1870 saw three pictures of Mr. Yeames’s at the Academy: they were “Maundy Thursday,” a lady washing the feet of poor women in a castle hall; “Visit to the Haunted Chamber,” which, to their terror and that of the rats they disturb, some damsels have entered; and “Love’s Young Dream.” The remaining exhibited works of the painter will be remembered by my readers. They were “Doctor Harvey and the Children of Charles I.” {56} and “The Prisoner and his Guests” (1871); “The Old Parishioner” and “A Rest by the River Side” (1872); “Pleading the Old Cause,” “The Morning Rehearsal,” and “The Path of Roses” (1873); “The Appeal to the Podestà,” a Florentine incident, “Flowers for Hall and Bower,” “Pulpit Decorations for Harvest Home,” and “The Christening” (1874); “Pour les Pauvres” and “The Suitor” (1875); “La Contadinella,” “The Last Bit of Scandal,” and “Campo dei SS. Apostoli, Venice” (1876); “Waking,” “Amy Robsart,” the corpse of the lady lying at the foot of a staircase, two men staring at it from above with horror—this picture was bought by the Academicians with the Chantrey Fund—“The Fair Royalist,” a pastel study, and a portrait (1877).
“When did you last see your father?” a picture which is, on the whole, our painter’s best, represented commissioners and soldiers of the Long Parliament questioning the inmates of a manor-house as to the whereabouts of its master.
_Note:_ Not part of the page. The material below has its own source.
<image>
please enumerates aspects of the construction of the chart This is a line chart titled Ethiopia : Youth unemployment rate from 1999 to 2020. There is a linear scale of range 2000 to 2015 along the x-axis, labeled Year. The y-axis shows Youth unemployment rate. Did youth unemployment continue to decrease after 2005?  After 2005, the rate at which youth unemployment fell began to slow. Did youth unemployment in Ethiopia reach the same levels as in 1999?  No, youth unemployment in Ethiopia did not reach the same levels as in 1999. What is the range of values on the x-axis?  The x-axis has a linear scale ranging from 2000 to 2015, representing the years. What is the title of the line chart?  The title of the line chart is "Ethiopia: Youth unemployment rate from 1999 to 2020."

A commissioner addresses a question in the terms of the title to a handsome little boy who, standing on a stool at the foot of a table with his hands behind him, hesitates, with charming ingenuousness, to answer the perilous demand. The man sits looking at the child, and rests his chin upon the backs of his hands, which are folded together. A young girl, who is weeping, stands behind her brother, and is under the charge of a stalwart, not pitiless, soldier. The mother of these children and their elder sister are in the background watching the event; the former turns her face towards us with mingled hope, pride, and fear for the noble little fellow. The painter’s election as a Royal Academician on the 19th of June, 1878, was considered a foregone conclusion when this capital piece was exhibited. The force of pictorial and pathetic melodrama could no farther go.
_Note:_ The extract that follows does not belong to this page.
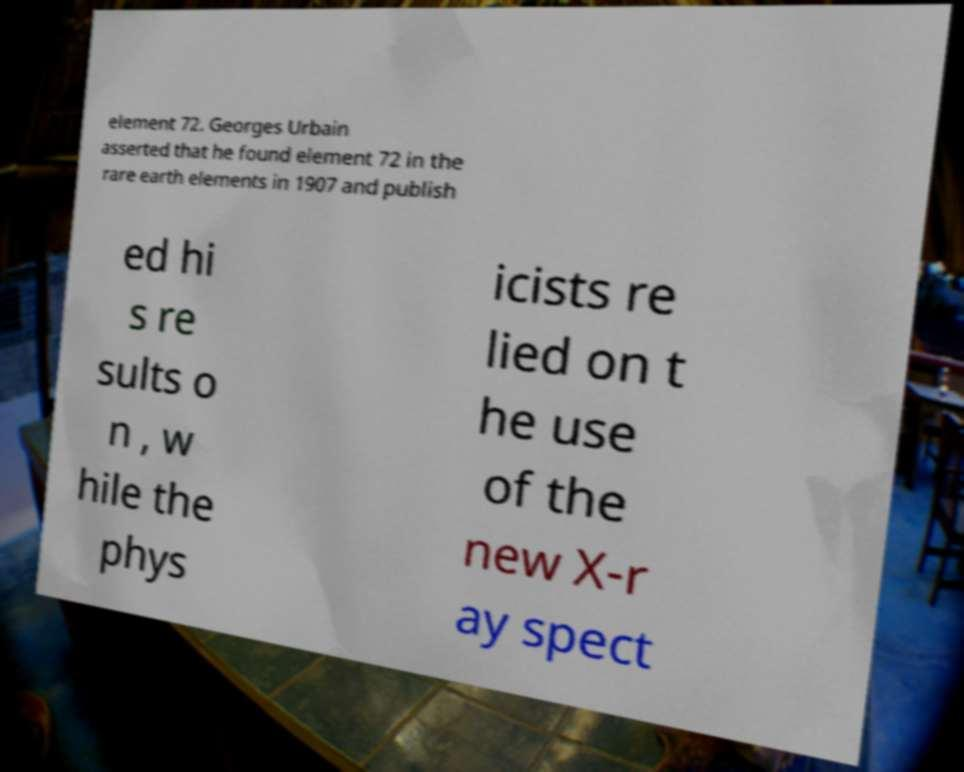Please read and relay the text visible in this image. What does it say? element 72. Georges Urbain asserted that he found element 72 in the rare earth elements in 1907 and publish ed hi s re sults o n , w hile the phys icists re lied on t he use of the new X-r ay spect

In 1879 we noticed at the Academy “By the Sea-side, portraits,” and “La Bigolante: Venetian Water Carrier.” The pictures of 1880 were “The Finishing Touch: green room at private theatricals,” and a portrait of “Thomas Turner, Esq., late Treasurer of Guy’s Hospital.” 1881 produced at Burlington House, “Here we go round the Mulberry Bush” and “Il dolce far niente;” 1882 gave us “The March Past,” “Prince Arthur and Hubert,” and “Welcome as Flowers in Spring;” the picture shown in 1883 was called “Tender Thoughts.” The Academy now contains “The Toast of the Kit Cat Club” and two portraits.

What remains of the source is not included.